_AVAILABLE DATA_
****

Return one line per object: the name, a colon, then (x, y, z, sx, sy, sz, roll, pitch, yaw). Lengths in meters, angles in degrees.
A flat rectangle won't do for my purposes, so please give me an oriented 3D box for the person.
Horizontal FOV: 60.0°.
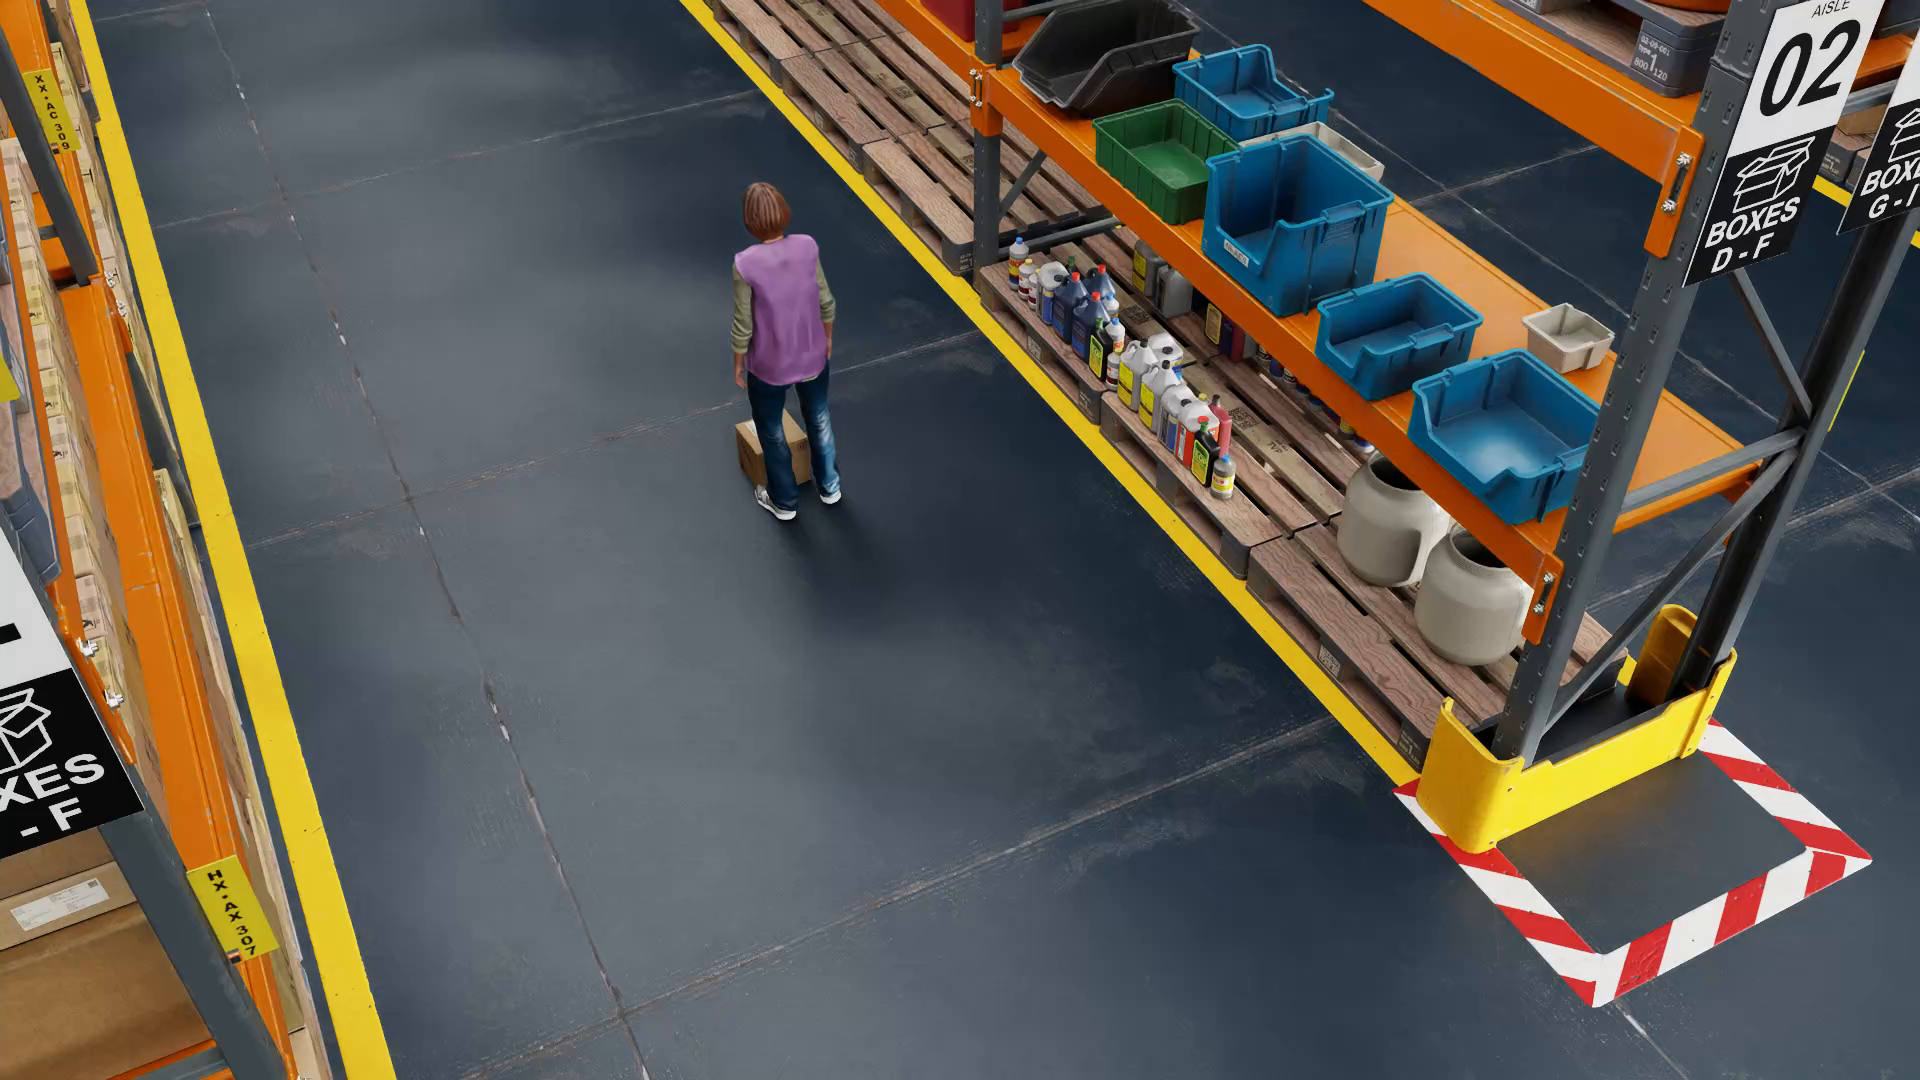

****

_WHAT YOU NEED TO DO_
A verbatim copy of the data, pictures removed, is the expected result.

_RESPONSE TO THIS EXERCISE_
Return one line per object: the name, a colon, then (x, y, z, sx, sy, sz, roll, pitch, yaw). Lengths in meters, angles in degrees.
A flat rectangle won't do for my purposes, so please give me an oriented 3D box for the person.
Horizontal FOV: 60.0°.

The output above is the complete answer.